→ ABOUT THIS TASK
Using the data below, work out how many of its lines contain "lidar", and give that number with nothing added.

→ ENTRIES SUPPLIED
----

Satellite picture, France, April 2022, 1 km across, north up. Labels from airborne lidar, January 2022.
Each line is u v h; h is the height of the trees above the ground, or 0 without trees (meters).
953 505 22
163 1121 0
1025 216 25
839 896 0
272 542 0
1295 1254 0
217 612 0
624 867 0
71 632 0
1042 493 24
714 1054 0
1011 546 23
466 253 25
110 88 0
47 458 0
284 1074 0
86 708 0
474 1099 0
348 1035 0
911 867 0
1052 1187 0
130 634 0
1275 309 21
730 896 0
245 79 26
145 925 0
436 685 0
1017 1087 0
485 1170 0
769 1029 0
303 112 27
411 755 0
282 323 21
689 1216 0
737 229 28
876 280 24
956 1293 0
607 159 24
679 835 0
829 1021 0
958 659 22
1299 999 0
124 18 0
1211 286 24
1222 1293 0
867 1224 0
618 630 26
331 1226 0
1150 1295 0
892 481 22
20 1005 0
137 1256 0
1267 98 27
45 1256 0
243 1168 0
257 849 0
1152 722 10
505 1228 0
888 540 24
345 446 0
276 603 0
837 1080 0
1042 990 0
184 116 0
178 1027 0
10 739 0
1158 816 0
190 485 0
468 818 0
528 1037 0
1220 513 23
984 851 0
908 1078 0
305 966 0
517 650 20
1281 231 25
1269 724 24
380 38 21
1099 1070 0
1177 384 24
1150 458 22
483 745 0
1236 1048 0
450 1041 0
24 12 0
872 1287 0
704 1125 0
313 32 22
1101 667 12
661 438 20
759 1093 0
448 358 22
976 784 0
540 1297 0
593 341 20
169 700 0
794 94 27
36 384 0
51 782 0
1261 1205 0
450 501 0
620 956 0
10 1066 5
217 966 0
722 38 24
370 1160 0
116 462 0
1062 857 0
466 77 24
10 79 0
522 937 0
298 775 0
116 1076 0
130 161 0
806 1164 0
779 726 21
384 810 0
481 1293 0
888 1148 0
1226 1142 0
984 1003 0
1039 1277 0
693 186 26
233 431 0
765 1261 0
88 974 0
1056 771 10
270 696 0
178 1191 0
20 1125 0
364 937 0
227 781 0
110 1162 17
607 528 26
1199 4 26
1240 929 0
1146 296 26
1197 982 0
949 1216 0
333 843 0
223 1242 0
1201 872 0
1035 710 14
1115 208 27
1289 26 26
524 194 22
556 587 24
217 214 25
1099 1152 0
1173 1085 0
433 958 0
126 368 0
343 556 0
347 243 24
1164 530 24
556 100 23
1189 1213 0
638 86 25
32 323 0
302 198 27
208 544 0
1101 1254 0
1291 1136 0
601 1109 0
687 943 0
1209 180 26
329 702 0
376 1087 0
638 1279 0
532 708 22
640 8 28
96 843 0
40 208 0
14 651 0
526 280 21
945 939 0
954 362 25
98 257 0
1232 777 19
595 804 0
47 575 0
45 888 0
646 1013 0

----

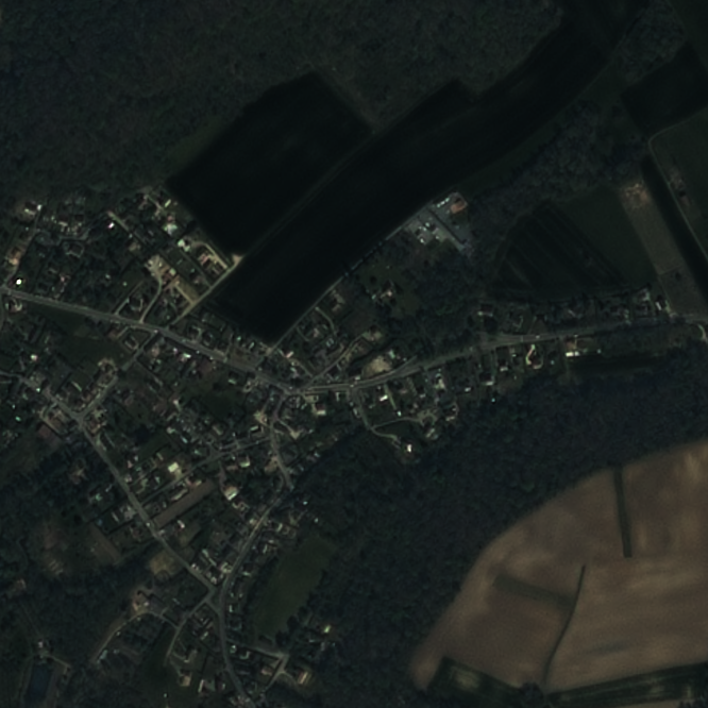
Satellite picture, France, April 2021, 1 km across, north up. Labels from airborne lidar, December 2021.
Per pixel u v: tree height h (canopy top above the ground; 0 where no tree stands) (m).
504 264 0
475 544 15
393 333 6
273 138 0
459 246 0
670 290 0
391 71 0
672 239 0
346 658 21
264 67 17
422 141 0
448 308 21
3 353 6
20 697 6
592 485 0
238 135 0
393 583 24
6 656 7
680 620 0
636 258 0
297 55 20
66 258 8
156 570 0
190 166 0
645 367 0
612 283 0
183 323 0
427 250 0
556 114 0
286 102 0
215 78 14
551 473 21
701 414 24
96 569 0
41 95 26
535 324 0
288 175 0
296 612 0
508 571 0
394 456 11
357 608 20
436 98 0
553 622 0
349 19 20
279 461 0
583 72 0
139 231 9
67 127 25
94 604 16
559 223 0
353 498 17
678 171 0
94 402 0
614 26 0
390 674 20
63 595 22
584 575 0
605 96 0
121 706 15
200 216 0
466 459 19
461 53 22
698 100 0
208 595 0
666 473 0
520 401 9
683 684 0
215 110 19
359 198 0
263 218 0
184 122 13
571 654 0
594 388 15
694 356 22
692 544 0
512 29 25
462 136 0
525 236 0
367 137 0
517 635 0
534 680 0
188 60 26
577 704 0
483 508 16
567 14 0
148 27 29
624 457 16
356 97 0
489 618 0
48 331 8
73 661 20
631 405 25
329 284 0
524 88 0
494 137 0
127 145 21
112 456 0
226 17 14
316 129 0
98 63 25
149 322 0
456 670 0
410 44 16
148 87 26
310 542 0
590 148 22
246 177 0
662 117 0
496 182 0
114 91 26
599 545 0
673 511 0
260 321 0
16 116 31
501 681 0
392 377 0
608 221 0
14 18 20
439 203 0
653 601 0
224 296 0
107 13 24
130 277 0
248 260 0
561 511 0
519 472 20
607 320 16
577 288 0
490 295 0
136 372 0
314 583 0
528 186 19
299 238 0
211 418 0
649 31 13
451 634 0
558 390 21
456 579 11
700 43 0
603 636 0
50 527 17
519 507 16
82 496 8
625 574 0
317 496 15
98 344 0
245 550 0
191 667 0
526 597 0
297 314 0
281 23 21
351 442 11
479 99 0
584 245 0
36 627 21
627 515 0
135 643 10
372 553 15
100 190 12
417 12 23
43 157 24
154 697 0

----

→ RESPONSE BELOW
2